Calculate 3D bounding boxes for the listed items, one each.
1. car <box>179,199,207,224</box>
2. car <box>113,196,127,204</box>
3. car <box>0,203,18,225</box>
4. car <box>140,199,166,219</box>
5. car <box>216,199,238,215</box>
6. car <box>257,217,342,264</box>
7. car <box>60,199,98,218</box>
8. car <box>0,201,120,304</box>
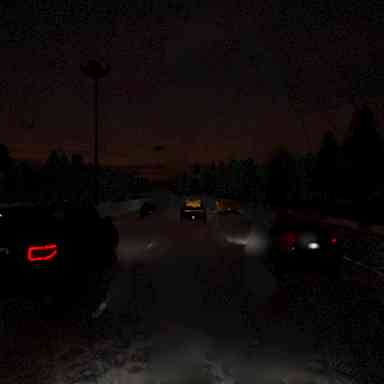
[{"bbox_3d":[0.098,1.501,24.798,2.128,1.511,4.902,0,0,0],"label":"car"},{"bbox_3d":[-14.120,1.584,65.738,1.994,1.385,4.181,0,0,-1],"label":"car"},{"bbox_3d":[-14.102,1.556,22.293,2.033,1.411,5.357,0,0,0],"label":"car"},{"bbox_3d":[-3.399,1.503,29.619,2.128,1.511,4.902,0,0,0],"label":"car"},{"bbox_3d":[3.598,1.492,34.714,1.882,1.535,5.008,0,0,0],"label":"car"},{"bbox_3d":[3.600,1.569,11.850,1.994,1.385,4.181,0,0,0],"label":"car"},{"bbox_3d":[-10.598,1.490,31.587,1.882,1.535,5.008,0,0,0],"label":"car"},{"bbox_3d":[-3.400,1.225,8.262,2.150,2.045,5.566,0,0,0],"label":"car"}]
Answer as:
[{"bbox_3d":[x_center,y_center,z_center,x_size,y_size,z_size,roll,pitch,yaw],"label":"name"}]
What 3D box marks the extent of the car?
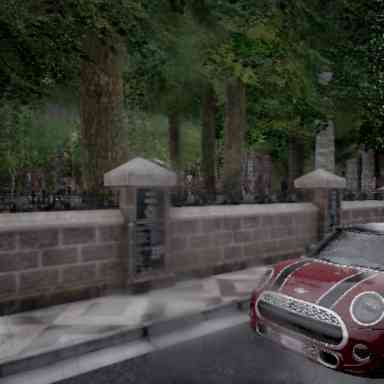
[{"bbox_3d":[3.107,1.348,5.587,4.553,1.767,2.097,0,0,-35],"label":"car"}]
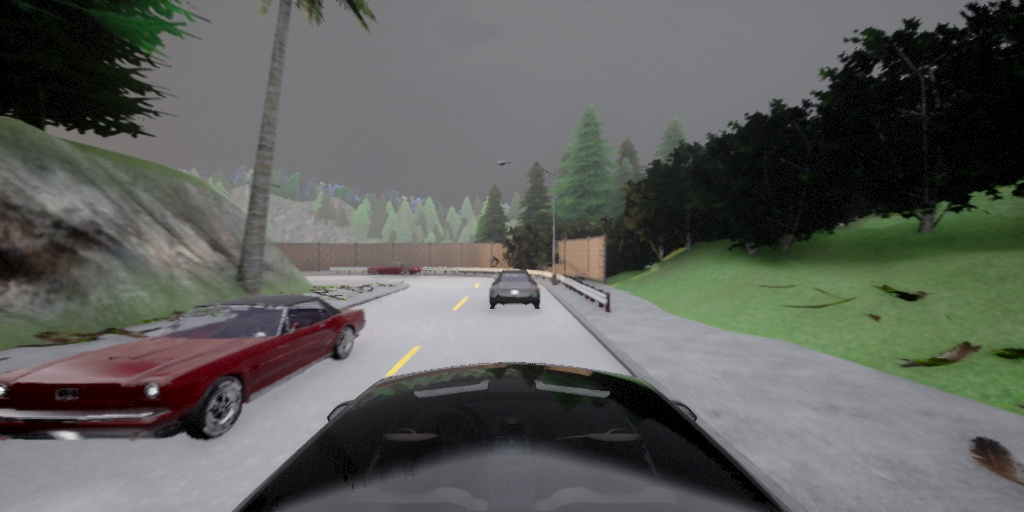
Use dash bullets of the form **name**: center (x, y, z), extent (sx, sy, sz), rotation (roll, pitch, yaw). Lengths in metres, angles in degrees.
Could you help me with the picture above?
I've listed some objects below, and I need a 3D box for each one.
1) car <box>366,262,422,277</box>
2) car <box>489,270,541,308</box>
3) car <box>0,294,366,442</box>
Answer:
- **car**: center (-10.952, 1.232, 33.267), extent (4.718, 1.301, 1.895), rotation (0, 0, 3)
- **car**: center (0.100, 1.264, 14.850), extent (1.994, 1.385, 4.181), rotation (0, 0, 0)
- **car**: center (-4.080, 1.336, 5.504), extent (1.895, 1.301, 4.718), rotation (0, 0, 0)
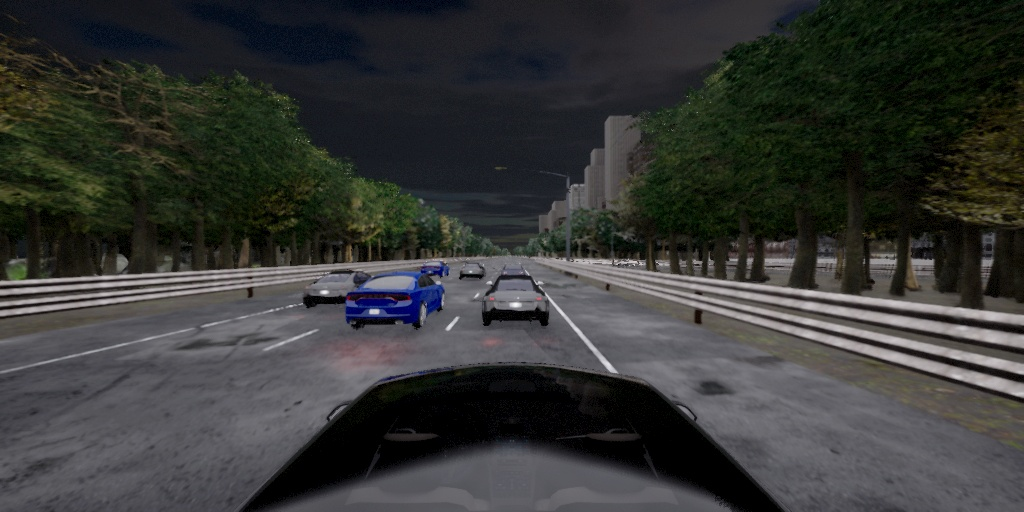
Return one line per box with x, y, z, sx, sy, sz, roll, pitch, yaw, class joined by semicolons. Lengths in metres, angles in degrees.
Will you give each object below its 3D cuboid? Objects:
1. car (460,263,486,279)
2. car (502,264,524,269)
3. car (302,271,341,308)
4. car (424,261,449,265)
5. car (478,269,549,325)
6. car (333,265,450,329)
-3.409;1.260;31.604;1.994;1.385;4.181;0;0;0;car
0.093;1.304;29.605;1.895;1.301;4.718;0;0;0;car
-6.905;1.305;15.211;1.994;1.385;4.181;0;0;0;car
-6.909;1.170;32.621;1.882;1.535;5.008;0;0;0;car
0.100;1.310;11.840;1.994;1.385;4.181;0;0;0;car
-3.403;1.224;11.338;1.882;1.535;5.008;0;0;0;car
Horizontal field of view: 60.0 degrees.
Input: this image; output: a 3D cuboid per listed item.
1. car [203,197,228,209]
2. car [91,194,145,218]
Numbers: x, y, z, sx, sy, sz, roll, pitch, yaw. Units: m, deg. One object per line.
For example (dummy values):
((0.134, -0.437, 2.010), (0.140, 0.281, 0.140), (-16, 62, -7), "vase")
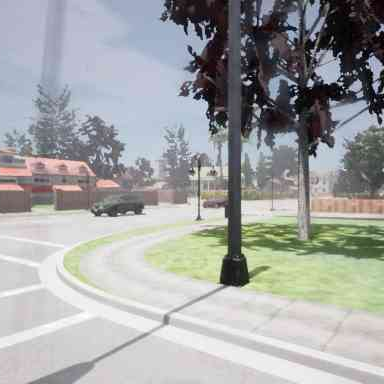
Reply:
((3.336, 1.493, 46.190), (1.882, 1.535, 5.008), (0, 0, 34), "car")
((-6.848, 1.214, 31.290), (2.150, 2.045, 5.566), (0, 1, 33), "car")
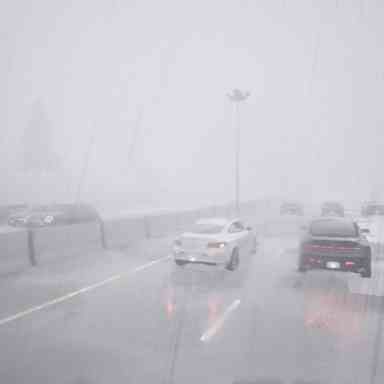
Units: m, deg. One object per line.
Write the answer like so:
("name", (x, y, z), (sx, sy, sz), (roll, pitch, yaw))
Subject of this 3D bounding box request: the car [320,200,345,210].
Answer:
("car", (13.038, 1.475, 30.907), (1.837, 1.490, 4.892), (0, 1, 23))

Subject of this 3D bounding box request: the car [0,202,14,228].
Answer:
("car", (-9.861, 1.534, 22.117), (1.837, 1.490, 4.892), (0, 0, 23))

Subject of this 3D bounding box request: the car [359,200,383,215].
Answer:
("car", (16.549, 1.491, 30.225), (1.812, 1.442, 4.674), (0, 1, 23))

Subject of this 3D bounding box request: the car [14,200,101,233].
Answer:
("car", (-7.338, 1.386, 19.092), (2.097, 1.767, 4.553), (0, 0, 23))

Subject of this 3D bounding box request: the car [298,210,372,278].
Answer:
("car", (4.454, 1.554, 10.510), (1.837, 1.490, 4.892), (0, 0, 23))

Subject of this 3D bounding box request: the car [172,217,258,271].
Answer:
("car", (0.916, 1.567, 11.127), (1.812, 1.442, 4.674), (0, 0, 23))

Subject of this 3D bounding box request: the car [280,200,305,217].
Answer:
("car", (9.510, 1.478, 31.547), (1.837, 1.490, 4.892), (0, 1, 23))
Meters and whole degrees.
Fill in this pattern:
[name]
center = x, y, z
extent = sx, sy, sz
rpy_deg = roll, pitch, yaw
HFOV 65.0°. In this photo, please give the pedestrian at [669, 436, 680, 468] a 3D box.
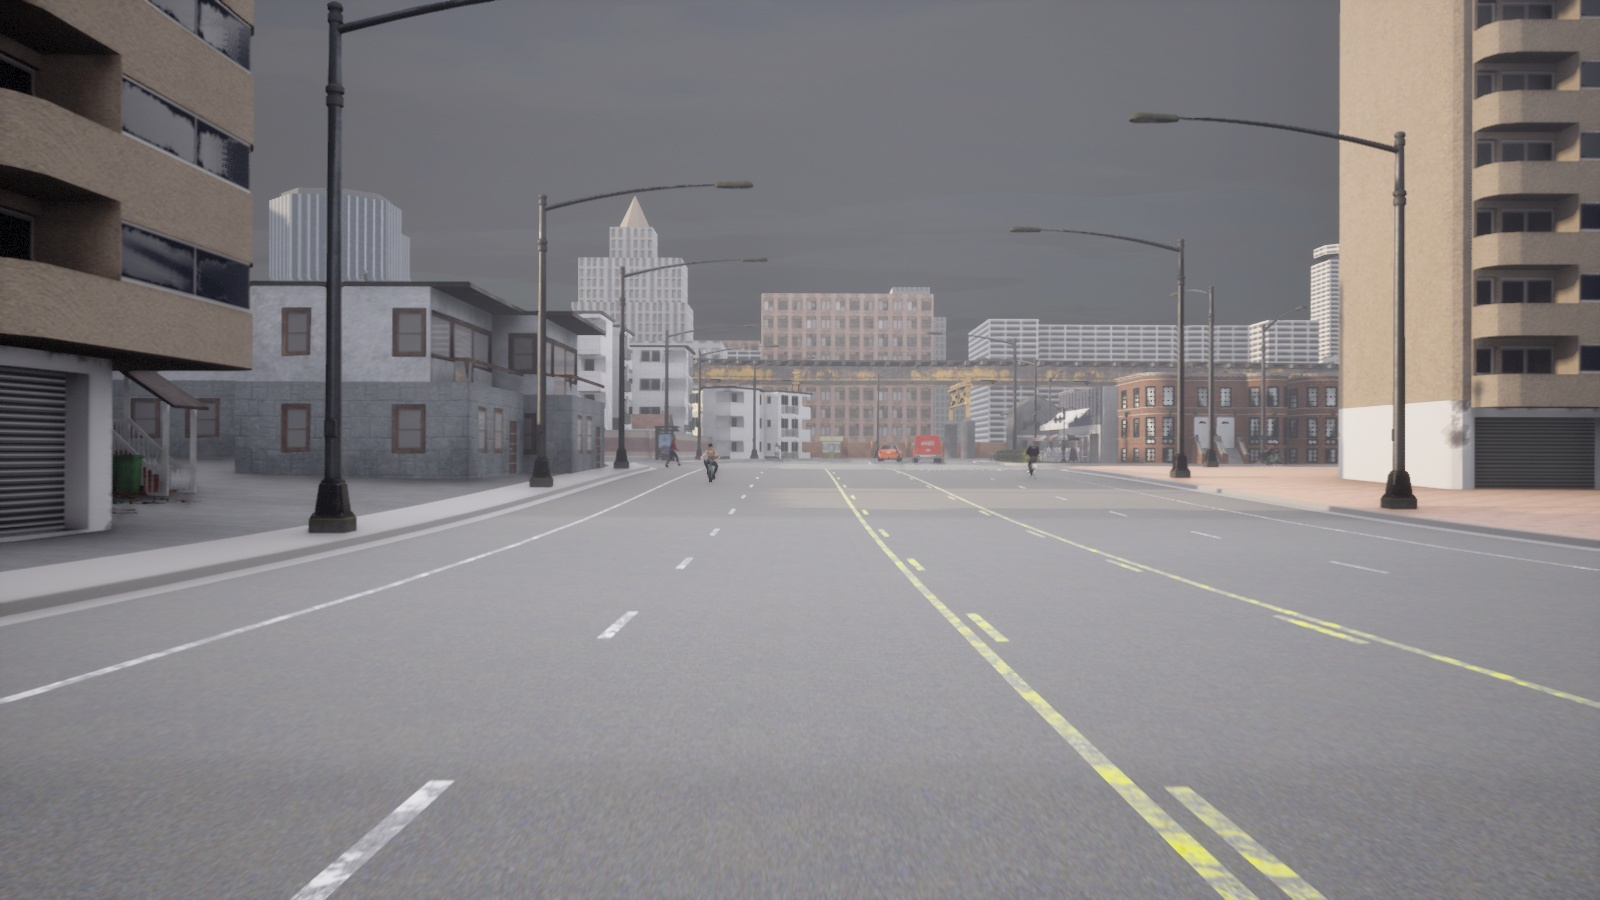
[pedestrian]
center = -7.221, 0.118, 72.185
extent = 0.636, 1.846, 0.331
rpy_deg = 0, 0, -4
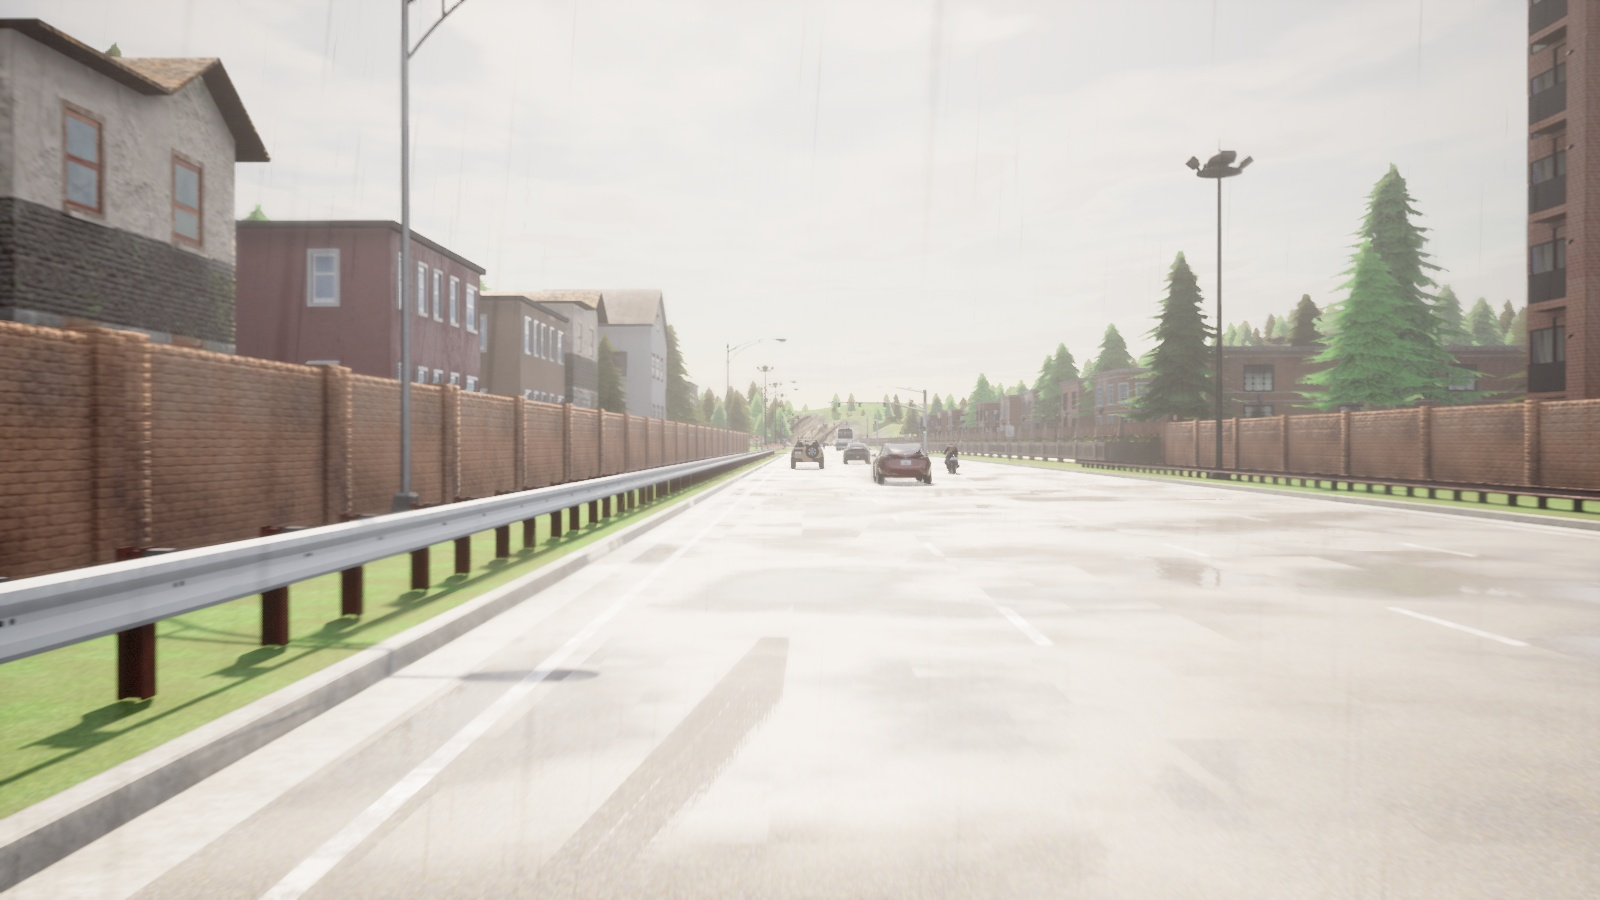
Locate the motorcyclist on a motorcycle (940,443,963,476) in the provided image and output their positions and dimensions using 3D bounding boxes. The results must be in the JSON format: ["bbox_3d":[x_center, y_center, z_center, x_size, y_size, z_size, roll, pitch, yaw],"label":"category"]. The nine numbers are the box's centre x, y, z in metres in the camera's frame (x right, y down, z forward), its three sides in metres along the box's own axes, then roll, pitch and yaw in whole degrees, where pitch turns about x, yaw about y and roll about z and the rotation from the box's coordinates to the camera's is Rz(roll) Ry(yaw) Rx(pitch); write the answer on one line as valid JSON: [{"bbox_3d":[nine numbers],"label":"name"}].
[{"bbox_3d":[7.362,0.445,60.983,0.866,1.530,2.191,0,0,0],"label":"motorcyclist on a motorcycle"}]

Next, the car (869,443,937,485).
[{"bbox_3d":[3.782,0.486,46.958,2.163,1.488,4.792,0,0,0],"label":"car"}]

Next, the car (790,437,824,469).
[{"bbox_3d":[0.434,0.150,73.731,1.932,1.855,4.605,0,0,0],"label":"car"}]

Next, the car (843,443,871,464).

Exercise: Beginning with the line that contains "7. car <box>60,199,98,218</box>" and ending with the line that contains "3) car <box>0,294,366,442</box>", reproduce the listing exactly, pictures excluded.

Output of the task:
7. car <box>60,199,98,218</box>
8. car <box>0,201,120,304</box>
[{"bbox_3d":[0.098,1.501,24.798,2.128,1.511,4.902,0,0,0],"label":"car"},{"bbox_3d":[-14.120,1.584,65.738,1.994,1.385,4.181,0,0,-1],"label":"car"},{"bbox_3d":[-14.102,1.556,22.293,2.033,1.411,5.357,0,0,0],"label":"car"},{"bbox_3d":[-3.399,1.503,29.619,2.128,1.511,4.902,0,0,0],"label":"car"},{"bbox_3d":[3.598,1.492,34.714,1.882,1.535,5.008,0,0,0],"label":"car"},{"bbox_3d":[3.600,1.569,11.850,1.994,1.385,4.181,0,0,0],"label":"car"},{"bbox_3d":[-10.598,1.490,31.587,1.882,1.535,5.008,0,0,0],"label":"car"},{"bbox_3d":[-3.400,1.225,8.262,2.150,2.045,5.566,0,0,0],"label":"car"}]
Answer as:
[{"bbox_3d":[x_center,y_center,z_center,x_size,y_size,z_size,roll,pitch,yaw],"label":"name"}]
What 3D box marks the extent of the car?
[{"bbox_3d":[3.107,1.348,5.587,4.553,1.767,2.097,0,0,-35],"label":"car"}]
Use dash bullets of the form **name**: center (x, y, z), extent (sx, sy, sz), rotation (roll, pitch, yaw). Lengths in metres, angles in degrees.
Could you help me with the picture above?
I've listed some objects below, and I need a 3D box for each one.
1) car <box>366,262,422,277</box>
2) car <box>489,270,541,308</box>
3) car <box>0,294,366,442</box>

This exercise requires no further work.